__Exercise brief__:
What is wanted is an exact copy of all the entries.

__Material to process__:
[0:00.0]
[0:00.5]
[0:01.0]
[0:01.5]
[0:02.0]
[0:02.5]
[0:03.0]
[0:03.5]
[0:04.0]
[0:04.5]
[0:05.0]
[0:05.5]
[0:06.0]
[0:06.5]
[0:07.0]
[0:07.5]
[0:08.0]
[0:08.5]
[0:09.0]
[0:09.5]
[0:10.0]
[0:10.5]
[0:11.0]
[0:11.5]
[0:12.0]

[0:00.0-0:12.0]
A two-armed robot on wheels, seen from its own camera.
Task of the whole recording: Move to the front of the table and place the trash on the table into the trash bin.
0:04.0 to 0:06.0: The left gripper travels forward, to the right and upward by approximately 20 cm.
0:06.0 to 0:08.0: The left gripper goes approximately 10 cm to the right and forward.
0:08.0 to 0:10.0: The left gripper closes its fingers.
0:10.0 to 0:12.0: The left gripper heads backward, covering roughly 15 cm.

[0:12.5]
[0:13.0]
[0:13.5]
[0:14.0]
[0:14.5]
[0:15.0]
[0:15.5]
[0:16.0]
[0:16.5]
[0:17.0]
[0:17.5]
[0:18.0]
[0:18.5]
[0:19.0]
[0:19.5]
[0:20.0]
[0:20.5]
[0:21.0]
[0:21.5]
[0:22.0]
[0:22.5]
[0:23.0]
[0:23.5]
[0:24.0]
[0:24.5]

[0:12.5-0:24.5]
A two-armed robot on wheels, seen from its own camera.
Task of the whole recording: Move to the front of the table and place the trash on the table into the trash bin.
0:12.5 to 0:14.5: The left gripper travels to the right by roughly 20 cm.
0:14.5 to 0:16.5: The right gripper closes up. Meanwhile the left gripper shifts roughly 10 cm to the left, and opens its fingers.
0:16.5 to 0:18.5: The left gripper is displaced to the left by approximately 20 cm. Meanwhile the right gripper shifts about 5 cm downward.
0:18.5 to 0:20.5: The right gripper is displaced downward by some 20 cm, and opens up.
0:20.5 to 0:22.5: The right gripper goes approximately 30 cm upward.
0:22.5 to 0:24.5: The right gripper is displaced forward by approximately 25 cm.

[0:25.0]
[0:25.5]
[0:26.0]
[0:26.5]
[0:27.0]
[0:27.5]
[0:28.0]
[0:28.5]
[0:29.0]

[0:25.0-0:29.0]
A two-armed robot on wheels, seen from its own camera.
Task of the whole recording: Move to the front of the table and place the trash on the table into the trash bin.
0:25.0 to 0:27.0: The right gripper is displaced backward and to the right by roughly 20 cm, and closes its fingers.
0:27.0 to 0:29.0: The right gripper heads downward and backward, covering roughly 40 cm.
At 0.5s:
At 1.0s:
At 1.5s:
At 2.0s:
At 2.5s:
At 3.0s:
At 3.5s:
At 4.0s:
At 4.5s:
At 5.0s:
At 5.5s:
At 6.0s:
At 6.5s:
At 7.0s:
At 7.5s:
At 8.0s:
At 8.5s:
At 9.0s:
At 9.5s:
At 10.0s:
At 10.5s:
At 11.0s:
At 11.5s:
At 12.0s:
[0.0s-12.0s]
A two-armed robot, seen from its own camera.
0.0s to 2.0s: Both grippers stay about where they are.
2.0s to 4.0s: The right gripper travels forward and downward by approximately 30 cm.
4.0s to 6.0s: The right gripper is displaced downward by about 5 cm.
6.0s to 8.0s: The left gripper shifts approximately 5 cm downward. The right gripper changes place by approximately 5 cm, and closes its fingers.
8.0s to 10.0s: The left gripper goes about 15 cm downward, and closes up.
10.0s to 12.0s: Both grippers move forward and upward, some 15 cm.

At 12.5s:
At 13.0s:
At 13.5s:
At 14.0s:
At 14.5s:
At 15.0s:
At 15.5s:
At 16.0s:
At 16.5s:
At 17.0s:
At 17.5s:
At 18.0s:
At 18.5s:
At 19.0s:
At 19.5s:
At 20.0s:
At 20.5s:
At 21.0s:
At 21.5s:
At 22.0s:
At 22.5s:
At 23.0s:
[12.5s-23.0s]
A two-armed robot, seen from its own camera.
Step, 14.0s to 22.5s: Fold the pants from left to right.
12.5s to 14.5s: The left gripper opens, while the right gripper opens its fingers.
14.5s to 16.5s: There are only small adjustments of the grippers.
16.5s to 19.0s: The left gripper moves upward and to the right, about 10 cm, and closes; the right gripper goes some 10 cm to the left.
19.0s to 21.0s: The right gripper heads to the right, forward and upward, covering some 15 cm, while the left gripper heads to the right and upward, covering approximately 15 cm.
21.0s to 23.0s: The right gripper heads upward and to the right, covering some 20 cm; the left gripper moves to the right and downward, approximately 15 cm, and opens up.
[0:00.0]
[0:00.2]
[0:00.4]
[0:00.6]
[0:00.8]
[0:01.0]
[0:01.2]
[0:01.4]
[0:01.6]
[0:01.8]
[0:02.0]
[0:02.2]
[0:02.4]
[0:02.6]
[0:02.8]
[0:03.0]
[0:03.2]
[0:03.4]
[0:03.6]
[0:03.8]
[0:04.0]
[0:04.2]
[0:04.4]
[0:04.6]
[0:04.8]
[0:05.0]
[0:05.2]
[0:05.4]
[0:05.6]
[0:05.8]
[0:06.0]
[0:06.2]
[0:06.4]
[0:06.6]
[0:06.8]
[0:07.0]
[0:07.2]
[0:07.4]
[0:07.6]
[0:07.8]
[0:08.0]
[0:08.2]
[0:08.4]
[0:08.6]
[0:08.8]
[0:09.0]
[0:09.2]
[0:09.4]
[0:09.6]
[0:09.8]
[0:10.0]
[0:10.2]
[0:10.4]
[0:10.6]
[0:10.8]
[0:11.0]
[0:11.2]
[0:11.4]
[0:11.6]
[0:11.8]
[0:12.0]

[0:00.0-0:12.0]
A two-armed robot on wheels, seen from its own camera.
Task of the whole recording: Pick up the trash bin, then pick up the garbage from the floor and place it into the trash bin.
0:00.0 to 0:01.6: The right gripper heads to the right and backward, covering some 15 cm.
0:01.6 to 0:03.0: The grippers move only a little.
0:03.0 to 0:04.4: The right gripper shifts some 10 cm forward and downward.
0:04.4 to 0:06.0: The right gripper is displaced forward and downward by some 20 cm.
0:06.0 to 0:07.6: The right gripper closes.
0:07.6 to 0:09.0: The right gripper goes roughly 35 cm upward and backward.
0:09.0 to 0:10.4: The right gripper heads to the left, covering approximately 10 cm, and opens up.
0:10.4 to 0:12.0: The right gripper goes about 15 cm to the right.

__Solution for this exercise__:
[0:00.0]
[0:00.5]
[0:01.0]
[0:01.5]
[0:02.0]
[0:02.5]
[0:03.0]
[0:03.5]
[0:04.0]
[0:04.5]
[0:05.0]
[0:05.5]
[0:06.0]
[0:06.5]
[0:07.0]
[0:07.5]
[0:08.0]
[0:08.5]
[0:09.0]
[0:09.5]
[0:10.0]
[0:10.5]
[0:11.0]
[0:11.5]
[0:12.0]

[0:00.0-0:12.0]
A two-armed robot on wheels, seen from its own camera.
Task of the whole recording: Move to the front of the table and place the trash on the table into the trash bin.
0:04.0 to 0:06.0: The left gripper travels forward, to the right and upward by approximately 20 cm.
0:06.0 to 0:08.0: The left gripper goes approximately 10 cm to the right and forward.
0:08.0 to 0:10.0: The left gripper closes its fingers.
0:10.0 to 0:12.0: The left gripper heads backward, covering roughly 15 cm.

[0:12.5]
[0:13.0]
[0:13.5]
[0:14.0]
[0:14.5]
[0:15.0]
[0:15.5]
[0:16.0]
[0:16.5]
[0:17.0]
[0:17.5]
[0:18.0]
[0:18.5]
[0:19.0]
[0:19.5]
[0:20.0]
[0:20.5]
[0:21.0]
[0:21.5]
[0:22.0]
[0:22.5]
[0:23.0]
[0:23.5]
[0:24.0]
[0:24.5]

[0:12.5-0:24.5]
A two-armed robot on wheels, seen from its own camera.
Task of the whole recording: Move to the front of the table and place the trash on the table into the trash bin.
0:12.5 to 0:14.5: The left gripper travels to the right by roughly 20 cm.
0:14.5 to 0:16.5: The right gripper closes up. Meanwhile the left gripper shifts roughly 10 cm to the left, and opens its fingers.
0:16.5 to 0:18.5: The left gripper is displaced to the left by approximately 20 cm. Meanwhile the right gripper shifts about 5 cm downward.
0:18.5 to 0:20.5: The right gripper is displaced downward by some 20 cm, and opens up.
0:20.5 to 0:22.5: The right gripper goes approximately 30 cm upward.
0:22.5 to 0:24.5: The right gripper is displaced forward by approximately 25 cm.

[0:25.0]
[0:25.5]
[0:26.0]
[0:26.5]
[0:27.0]
[0:27.5]
[0:28.0]
[0:28.5]
[0:29.0]

[0:25.0-0:29.0]
A two-armed robot on wheels, seen from its own camera.
Task of the whole recording: Move to the front of the table and place the trash on the table into the trash bin.
0:25.0 to 0:27.0: The right gripper is displaced backward and to the right by roughly 20 cm, and closes its fingers.
0:27.0 to 0:29.0: The right gripper heads downward and backward, covering roughly 40 cm.
At 0.5s:
At 1.0s:
At 1.5s:
At 2.0s:
At 2.5s:
At 3.0s:
At 3.5s:
At 4.0s:
At 4.5s:
At 5.0s:
At 5.5s:
At 6.0s:
At 6.5s:
At 7.0s:
At 7.5s:
At 8.0s:
At 8.5s:
At 9.0s:
At 9.5s:
At 10.0s:
At 10.5s:
At 11.0s:
At 11.5s:
At 12.0s:
[0.0s-12.0s]
A two-armed robot, seen from its own camera.
0.0s to 2.0s: Both grippers stay about where they are.
2.0s to 4.0s: The right gripper travels forward and downward by approximately 30 cm.
4.0s to 6.0s: The right gripper is displaced downward by about 5 cm.
6.0s to 8.0s: The left gripper shifts approximately 5 cm downward. The right gripper changes place by approximately 5 cm, and closes its fingers.
8.0s to 10.0s: The left gripper goes about 15 cm downward, and closes up.
10.0s to 12.0s: Both grippers move forward and upward, some 15 cm.

At 12.5s:
At 13.0s:
At 13.5s:
At 14.0s:
At 14.5s:
At 15.0s:
At 15.5s:
At 16.0s:
At 16.5s:
At 17.0s:
At 17.5s:
At 18.0s:
At 18.5s:
At 19.0s:
At 19.5s:
At 20.0s:
At 20.5s:
At 21.0s:
At 21.5s:
At 22.0s:
At 22.5s:
At 23.0s:
[12.5s-23.0s]
A two-armed robot, seen from its own camera.
Step, 14.0s to 22.5s: Fold the pants from left to right.
12.5s to 14.5s: The left gripper opens, while the right gripper opens its fingers.
14.5s to 16.5s: There are only small adjustments of the grippers.
16.5s to 19.0s: The left gripper moves upward and to the right, about 10 cm, and closes; the right gripper goes some 10 cm to the left.
19.0s to 21.0s: The right gripper heads to the right, forward and upward, covering some 15 cm, while the left gripper heads to the right and upward, covering approximately 15 cm.
21.0s to 23.0s: The right gripper heads upward and to the right, covering some 20 cm; the left gripper moves to the right and downward, approximately 15 cm, and opens up.
[0:00.0]
[0:00.2]
[0:00.4]
[0:00.6]
[0:00.8]
[0:01.0]
[0:01.2]
[0:01.4]
[0:01.6]
[0:01.8]
[0:02.0]
[0:02.2]
[0:02.4]
[0:02.6]
[0:02.8]
[0:03.0]
[0:03.2]
[0:03.4]
[0:03.6]
[0:03.8]
[0:04.0]
[0:04.2]
[0:04.4]
[0:04.6]
[0:04.8]
[0:05.0]
[0:05.2]
[0:05.4]
[0:05.6]
[0:05.8]
[0:06.0]
[0:06.2]
[0:06.4]
[0:06.6]
[0:06.8]
[0:07.0]
[0:07.2]
[0:07.4]
[0:07.6]
[0:07.8]
[0:08.0]
[0:08.2]
[0:08.4]
[0:08.6]
[0:08.8]
[0:09.0]
[0:09.2]
[0:09.4]
[0:09.6]
[0:09.8]
[0:10.0]
[0:10.2]
[0:10.4]
[0:10.6]
[0:10.8]
[0:11.0]
[0:11.2]
[0:11.4]
[0:11.6]
[0:11.8]
[0:12.0]

[0:00.0-0:12.0]
A two-armed robot on wheels, seen from its own camera.
Task of the whole recording: Pick up the trash bin, then pick up the garbage from the floor and place it into the trash bin.
0:00.0 to 0:01.6: The right gripper heads to the right and backward, covering some 15 cm.
0:01.6 to 0:03.0: The grippers move only a little.
0:03.0 to 0:04.4: The right gripper shifts some 10 cm forward and downward.
0:04.4 to 0:06.0: The right gripper is displaced forward and downward by some 20 cm.
0:06.0 to 0:07.6: The right gripper closes.
0:07.6 to 0:09.0: The right gripper goes roughly 35 cm upward and backward.
0:09.0 to 0:10.4: The right gripper heads to the left, covering approximately 10 cm, and opens up.
0:10.4 to 0:12.0: The right gripper goes about 15 cm to the right.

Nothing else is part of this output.